Problem details:
In the records below, find each line containing the word "from" and copy it.

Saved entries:
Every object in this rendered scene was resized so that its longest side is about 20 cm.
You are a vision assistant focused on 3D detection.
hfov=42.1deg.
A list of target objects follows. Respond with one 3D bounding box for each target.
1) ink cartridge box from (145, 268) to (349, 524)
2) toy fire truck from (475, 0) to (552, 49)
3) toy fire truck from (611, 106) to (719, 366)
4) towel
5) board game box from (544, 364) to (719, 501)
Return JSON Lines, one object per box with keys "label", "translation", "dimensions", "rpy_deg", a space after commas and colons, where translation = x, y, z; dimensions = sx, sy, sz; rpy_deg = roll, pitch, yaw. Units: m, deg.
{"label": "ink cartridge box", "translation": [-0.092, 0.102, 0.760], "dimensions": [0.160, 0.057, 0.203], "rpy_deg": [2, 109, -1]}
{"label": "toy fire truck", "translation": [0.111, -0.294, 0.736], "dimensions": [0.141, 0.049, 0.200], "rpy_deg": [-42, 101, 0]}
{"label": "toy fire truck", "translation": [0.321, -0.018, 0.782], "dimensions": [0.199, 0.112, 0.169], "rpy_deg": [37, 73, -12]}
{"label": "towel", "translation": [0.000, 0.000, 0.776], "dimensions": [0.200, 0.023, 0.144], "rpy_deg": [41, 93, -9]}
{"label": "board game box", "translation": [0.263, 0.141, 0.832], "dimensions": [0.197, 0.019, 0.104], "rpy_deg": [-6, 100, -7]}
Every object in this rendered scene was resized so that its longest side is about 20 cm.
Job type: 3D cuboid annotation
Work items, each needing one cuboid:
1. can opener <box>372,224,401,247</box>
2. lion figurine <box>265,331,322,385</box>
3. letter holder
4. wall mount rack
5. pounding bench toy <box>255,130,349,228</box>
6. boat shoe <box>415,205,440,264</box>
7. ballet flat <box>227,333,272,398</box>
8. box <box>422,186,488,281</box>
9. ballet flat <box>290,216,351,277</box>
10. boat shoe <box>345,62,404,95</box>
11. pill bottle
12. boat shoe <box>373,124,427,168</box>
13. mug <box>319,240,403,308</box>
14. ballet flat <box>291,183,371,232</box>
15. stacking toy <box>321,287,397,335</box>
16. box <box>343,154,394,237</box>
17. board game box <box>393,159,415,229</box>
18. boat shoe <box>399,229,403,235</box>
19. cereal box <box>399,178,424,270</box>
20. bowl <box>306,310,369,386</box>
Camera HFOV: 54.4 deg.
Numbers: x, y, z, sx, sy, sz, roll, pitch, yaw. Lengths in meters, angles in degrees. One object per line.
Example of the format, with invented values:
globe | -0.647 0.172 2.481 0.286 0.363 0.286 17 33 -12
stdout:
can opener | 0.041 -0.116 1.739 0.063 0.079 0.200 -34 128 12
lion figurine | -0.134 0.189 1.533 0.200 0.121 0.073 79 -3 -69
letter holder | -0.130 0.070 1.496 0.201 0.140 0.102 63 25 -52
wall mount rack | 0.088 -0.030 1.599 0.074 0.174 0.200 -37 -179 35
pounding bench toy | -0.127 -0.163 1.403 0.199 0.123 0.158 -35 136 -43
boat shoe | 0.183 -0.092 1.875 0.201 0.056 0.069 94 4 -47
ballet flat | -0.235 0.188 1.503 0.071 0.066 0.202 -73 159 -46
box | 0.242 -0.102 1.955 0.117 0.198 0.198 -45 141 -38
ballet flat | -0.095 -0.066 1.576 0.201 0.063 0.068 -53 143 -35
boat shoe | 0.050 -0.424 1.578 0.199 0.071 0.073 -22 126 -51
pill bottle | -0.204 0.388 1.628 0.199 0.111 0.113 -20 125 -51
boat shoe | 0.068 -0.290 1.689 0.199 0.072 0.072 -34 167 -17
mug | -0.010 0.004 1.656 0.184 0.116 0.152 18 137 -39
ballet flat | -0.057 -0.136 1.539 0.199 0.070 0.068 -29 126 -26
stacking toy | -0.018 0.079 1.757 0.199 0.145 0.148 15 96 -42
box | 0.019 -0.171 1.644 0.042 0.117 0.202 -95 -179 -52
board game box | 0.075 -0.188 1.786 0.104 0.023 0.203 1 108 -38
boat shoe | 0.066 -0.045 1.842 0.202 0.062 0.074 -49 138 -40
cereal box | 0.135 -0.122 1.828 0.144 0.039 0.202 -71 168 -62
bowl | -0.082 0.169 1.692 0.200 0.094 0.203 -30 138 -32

Your response:
1) ink cartridge box from (145, 268) to (349, 524)
2) toy fire truck from (475, 0) to (552, 49)
3) toy fire truck from (611, 106) to (719, 366)
5) board game box from (544, 364) to (719, 501)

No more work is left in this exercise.